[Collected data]

┄┄┄┄┄┄

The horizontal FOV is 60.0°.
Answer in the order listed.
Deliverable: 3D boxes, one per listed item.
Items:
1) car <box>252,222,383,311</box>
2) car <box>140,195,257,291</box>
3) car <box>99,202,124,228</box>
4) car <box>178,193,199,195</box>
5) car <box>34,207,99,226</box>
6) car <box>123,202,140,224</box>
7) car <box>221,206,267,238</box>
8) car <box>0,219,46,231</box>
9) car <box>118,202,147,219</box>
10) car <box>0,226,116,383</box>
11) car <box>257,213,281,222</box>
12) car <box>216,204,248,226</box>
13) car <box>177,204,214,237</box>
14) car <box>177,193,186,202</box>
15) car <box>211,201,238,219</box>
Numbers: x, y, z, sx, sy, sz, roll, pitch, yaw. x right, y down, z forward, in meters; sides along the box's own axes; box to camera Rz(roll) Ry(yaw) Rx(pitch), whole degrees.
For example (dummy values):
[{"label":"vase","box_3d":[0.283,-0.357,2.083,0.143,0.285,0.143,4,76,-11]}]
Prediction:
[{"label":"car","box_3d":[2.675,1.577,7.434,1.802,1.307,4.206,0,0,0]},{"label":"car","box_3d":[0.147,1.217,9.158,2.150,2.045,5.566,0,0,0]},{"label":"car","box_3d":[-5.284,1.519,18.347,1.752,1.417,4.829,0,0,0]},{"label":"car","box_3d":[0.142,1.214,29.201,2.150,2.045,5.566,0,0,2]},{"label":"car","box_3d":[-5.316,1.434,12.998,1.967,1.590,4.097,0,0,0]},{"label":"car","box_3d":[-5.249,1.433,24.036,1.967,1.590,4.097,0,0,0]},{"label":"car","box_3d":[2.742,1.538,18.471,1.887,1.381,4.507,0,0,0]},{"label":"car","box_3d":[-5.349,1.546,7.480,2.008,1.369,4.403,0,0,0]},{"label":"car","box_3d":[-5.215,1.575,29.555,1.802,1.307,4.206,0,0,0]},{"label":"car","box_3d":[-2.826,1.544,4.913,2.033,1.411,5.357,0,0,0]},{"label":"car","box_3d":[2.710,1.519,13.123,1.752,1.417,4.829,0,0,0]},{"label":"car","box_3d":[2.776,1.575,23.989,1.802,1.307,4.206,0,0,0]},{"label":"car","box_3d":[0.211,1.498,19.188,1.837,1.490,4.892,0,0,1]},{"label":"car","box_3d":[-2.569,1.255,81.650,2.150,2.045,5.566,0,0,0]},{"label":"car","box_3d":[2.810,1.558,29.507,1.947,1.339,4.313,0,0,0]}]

┄┄┄┄┄┄

Your task: Copy out each line of the entries that holds "listed".

Solution to this task:
Answer in the order listed.
Deliverable: 3D boxes, one per listed item.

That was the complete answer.